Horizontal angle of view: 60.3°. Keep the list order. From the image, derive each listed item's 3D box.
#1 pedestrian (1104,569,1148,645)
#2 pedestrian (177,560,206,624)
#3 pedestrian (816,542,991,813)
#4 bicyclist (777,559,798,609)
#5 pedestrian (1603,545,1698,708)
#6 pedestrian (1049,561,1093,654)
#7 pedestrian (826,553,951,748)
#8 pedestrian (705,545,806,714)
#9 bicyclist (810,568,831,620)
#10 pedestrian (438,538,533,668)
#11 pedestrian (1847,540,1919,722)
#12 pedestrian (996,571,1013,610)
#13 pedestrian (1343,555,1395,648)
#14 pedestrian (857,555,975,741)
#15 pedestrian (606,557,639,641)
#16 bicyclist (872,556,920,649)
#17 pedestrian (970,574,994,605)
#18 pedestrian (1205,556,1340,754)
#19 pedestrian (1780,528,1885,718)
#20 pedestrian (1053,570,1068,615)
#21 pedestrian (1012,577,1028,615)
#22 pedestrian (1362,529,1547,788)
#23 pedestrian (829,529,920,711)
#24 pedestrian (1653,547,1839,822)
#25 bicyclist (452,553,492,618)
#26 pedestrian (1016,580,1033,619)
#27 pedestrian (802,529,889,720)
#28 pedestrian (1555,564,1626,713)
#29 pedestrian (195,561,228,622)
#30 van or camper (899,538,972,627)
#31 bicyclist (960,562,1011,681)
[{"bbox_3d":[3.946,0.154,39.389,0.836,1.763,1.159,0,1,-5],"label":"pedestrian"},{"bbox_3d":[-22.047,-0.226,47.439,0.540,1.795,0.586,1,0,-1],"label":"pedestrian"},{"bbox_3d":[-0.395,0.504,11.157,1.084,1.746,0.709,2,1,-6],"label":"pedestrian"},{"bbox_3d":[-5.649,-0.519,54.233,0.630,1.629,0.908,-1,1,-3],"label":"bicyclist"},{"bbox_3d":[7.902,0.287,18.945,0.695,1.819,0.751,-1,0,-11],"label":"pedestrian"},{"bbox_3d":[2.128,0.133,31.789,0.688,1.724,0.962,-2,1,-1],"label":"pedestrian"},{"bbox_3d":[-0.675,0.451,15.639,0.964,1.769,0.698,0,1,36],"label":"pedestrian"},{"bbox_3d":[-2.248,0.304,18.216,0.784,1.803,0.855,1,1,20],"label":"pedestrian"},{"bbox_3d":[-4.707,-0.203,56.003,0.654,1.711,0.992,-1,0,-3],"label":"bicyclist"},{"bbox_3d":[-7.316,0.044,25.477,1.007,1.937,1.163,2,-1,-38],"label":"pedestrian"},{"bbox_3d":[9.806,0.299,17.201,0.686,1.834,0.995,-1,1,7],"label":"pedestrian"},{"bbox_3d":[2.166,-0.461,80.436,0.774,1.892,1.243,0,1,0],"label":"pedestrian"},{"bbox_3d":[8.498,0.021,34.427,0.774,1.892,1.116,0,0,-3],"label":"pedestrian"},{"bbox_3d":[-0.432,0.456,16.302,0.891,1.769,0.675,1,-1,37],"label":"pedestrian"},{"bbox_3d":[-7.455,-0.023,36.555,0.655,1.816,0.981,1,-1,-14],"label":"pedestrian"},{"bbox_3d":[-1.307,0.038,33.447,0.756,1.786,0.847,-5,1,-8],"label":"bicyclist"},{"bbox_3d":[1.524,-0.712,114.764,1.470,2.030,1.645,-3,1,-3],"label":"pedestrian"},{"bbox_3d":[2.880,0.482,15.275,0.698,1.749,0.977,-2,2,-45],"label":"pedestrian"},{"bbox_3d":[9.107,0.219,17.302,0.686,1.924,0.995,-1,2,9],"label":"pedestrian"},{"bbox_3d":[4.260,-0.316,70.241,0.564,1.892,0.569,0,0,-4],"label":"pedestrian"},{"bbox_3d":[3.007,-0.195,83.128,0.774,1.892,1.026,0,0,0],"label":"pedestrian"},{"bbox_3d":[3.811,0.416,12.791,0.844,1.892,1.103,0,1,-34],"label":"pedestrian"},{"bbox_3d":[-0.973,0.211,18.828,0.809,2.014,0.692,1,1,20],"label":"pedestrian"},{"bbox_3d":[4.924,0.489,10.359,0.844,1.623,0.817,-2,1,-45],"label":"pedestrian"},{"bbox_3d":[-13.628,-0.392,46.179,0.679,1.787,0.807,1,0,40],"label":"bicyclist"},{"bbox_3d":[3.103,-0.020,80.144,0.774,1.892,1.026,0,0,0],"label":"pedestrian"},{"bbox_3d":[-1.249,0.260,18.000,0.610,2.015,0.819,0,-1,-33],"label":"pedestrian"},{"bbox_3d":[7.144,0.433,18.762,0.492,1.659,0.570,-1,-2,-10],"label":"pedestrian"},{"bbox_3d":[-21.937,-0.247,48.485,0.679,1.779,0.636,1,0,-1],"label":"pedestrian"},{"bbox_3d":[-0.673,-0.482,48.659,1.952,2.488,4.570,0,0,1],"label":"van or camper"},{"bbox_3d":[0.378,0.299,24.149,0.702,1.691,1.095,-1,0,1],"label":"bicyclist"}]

==============================

**YOUR INSTRUCTIONS:**
Within the material above, copy exactly the lines from the line that holds "#7 pedestrian (826,553,951,748)" up to and including the line that holds "#30 van or camper (899,538,972,627)".

**SOLUTION FOR THIS EXERCISE:**
#7 pedestrian (826,553,951,748)
#8 pedestrian (705,545,806,714)
#9 bicyclist (810,568,831,620)
#10 pedestrian (438,538,533,668)
#11 pedestrian (1847,540,1919,722)
#12 pedestrian (996,571,1013,610)
#13 pedestrian (1343,555,1395,648)
#14 pedestrian (857,555,975,741)
#15 pedestrian (606,557,639,641)
#16 bicyclist (872,556,920,649)
#17 pedestrian (970,574,994,605)
#18 pedestrian (1205,556,1340,754)
#19 pedestrian (1780,528,1885,718)
#20 pedestrian (1053,570,1068,615)
#21 pedestrian (1012,577,1028,615)
#22 pedestrian (1362,529,1547,788)
#23 pedestrian (829,529,920,711)
#24 pedestrian (1653,547,1839,822)
#25 bicyclist (452,553,492,618)
#26 pedestrian (1016,580,1033,619)
#27 pedestrian (802,529,889,720)
#28 pedestrian (1555,564,1626,713)
#29 pedestrian (195,561,228,622)
#30 van or camper (899,538,972,627)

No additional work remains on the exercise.